→ What is needed
Exactly as given, output all the records that follow.

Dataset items
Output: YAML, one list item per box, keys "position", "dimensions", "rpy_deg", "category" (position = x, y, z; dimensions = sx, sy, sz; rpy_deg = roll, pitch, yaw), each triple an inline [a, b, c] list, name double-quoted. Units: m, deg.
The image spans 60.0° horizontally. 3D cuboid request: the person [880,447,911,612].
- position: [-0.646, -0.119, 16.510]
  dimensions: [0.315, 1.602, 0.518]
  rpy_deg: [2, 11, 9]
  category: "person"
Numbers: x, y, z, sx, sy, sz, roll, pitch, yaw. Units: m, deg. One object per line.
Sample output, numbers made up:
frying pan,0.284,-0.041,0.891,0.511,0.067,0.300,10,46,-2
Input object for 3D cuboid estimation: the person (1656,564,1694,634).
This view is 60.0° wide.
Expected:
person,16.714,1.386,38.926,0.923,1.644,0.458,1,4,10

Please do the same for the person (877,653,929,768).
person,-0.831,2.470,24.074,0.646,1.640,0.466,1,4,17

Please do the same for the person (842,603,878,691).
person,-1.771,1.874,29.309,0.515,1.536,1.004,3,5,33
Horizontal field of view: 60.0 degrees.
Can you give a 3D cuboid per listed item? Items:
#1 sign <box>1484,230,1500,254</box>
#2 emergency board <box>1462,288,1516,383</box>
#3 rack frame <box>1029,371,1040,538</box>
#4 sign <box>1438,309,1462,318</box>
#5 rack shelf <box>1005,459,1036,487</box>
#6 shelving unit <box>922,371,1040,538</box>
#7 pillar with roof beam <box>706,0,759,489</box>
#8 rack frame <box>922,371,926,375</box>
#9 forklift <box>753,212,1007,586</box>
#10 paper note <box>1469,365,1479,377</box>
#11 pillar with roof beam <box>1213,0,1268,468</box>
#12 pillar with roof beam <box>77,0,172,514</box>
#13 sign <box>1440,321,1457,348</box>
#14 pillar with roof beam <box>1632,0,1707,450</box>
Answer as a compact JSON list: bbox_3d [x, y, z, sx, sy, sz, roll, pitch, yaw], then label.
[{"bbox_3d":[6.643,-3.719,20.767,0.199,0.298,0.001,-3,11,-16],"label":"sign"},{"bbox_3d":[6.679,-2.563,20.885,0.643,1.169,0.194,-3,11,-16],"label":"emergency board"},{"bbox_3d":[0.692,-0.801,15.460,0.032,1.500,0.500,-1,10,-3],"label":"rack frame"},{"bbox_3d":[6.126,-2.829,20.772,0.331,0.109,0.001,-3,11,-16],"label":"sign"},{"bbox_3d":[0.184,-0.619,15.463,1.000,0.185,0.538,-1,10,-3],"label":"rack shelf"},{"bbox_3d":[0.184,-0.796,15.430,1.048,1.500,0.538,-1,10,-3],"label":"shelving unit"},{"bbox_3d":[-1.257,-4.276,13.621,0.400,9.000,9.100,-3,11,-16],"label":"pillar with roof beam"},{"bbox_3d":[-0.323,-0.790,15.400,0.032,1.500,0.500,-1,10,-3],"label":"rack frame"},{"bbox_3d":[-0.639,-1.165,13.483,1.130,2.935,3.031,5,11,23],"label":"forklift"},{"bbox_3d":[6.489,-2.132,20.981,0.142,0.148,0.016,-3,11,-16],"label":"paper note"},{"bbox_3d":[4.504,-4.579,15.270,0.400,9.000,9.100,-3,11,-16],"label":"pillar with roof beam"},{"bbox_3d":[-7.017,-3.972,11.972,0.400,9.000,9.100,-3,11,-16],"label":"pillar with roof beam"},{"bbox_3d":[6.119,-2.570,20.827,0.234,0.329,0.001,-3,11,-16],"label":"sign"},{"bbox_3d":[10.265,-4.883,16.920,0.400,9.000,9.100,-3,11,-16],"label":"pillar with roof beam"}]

→ Response to this exercise
Output: YAML, one list item per box, keys "position", "dimensions", "rpy_deg", "category" (position = x, y, z; dimensions = sx, sy, sz; rpy_deg = roll, pitch, yaw), each triple an inline [a, b, c] list, name double-quoted. Units: m, deg.
The image spans 60.0° horizontally. 3D cuboid request: the person [880,447,911,612].
- position: [-0.646, -0.119, 16.510]
  dimensions: [0.315, 1.602, 0.518]
  rpy_deg: [2, 11, 9]
  category: "person"
Numbers: x, y, z, sx, sy, sz, roll, pitch, yaw. Units: m, deg. One object per line.
Sample output, numbers made up:
frying pan,0.284,-0.041,0.891,0.511,0.067,0.300,10,46,-2
Input object for 3D cuboid estimation: the person (1656,564,1694,634).
This view is 60.0° wide.
Expected:
person,16.714,1.386,38.926,0.923,1.644,0.458,1,4,10

Please do the same for the person (877,653,929,768).
person,-0.831,2.470,24.074,0.646,1.640,0.466,1,4,17

Please do the same for the person (842,603,878,691).
person,-1.771,1.874,29.309,0.515,1.536,1.004,3,5,33
Horizontal field of view: 60.0 degrees.
Can you give a 3D cuboid per listed item? Items:
#1 sign <box>1484,230,1500,254</box>
#2 emergency board <box>1462,288,1516,383</box>
#3 rack frame <box>1029,371,1040,538</box>
#4 sign <box>1438,309,1462,318</box>
#5 rack shelf <box>1005,459,1036,487</box>
#6 shelving unit <box>922,371,1040,538</box>
#7 pillar with roof beam <box>706,0,759,489</box>
#8 rack frame <box>922,371,926,375</box>
#9 forklift <box>753,212,1007,586</box>
#10 paper note <box>1469,365,1479,377</box>
#11 pillar with roof beam <box>1213,0,1268,468</box>
#12 pillar with roof beam <box>77,0,172,514</box>
#13 sign <box>1440,321,1457,348</box>
#14 pillar with roof beam <box>1632,0,1707,450</box>
Answer as a compact JSON list: bbox_3d [x, y, z, sx, sy, sz, roll, pitch, yaw], then label.
[{"bbox_3d":[6.643,-3.719,20.767,0.199,0.298,0.001,-3,11,-16],"label":"sign"},{"bbox_3d":[6.679,-2.563,20.885,0.643,1.169,0.194,-3,11,-16],"label":"emergency board"},{"bbox_3d":[0.692,-0.801,15.460,0.032,1.500,0.500,-1,10,-3],"label":"rack frame"},{"bbox_3d":[6.126,-2.829,20.772,0.331,0.109,0.001,-3,11,-16],"label":"sign"},{"bbox_3d":[0.184,-0.619,15.463,1.000,0.185,0.538,-1,10,-3],"label":"rack shelf"},{"bbox_3d":[0.184,-0.796,15.430,1.048,1.500,0.538,-1,10,-3],"label":"shelving unit"},{"bbox_3d":[-1.257,-4.276,13.621,0.400,9.000,9.100,-3,11,-16],"label":"pillar with roof beam"},{"bbox_3d":[-0.323,-0.790,15.400,0.032,1.500,0.500,-1,10,-3],"label":"rack frame"},{"bbox_3d":[-0.639,-1.165,13.483,1.130,2.935,3.031,5,11,23],"label":"forklift"},{"bbox_3d":[6.489,-2.132,20.981,0.142,0.148,0.016,-3,11,-16],"label":"paper note"},{"bbox_3d":[4.504,-4.579,15.270,0.400,9.000,9.100,-3,11,-16],"label":"pillar with roof beam"},{"bbox_3d":[-7.017,-3.972,11.972,0.400,9.000,9.100,-3,11,-16],"label":"pillar with roof beam"},{"bbox_3d":[6.119,-2.570,20.827,0.234,0.329,0.001,-3,11,-16],"label":"sign"},{"bbox_3d":[10.265,-4.883,16.920,0.400,9.000,9.100,-3,11,-16],"label":"pillar with roof beam"}]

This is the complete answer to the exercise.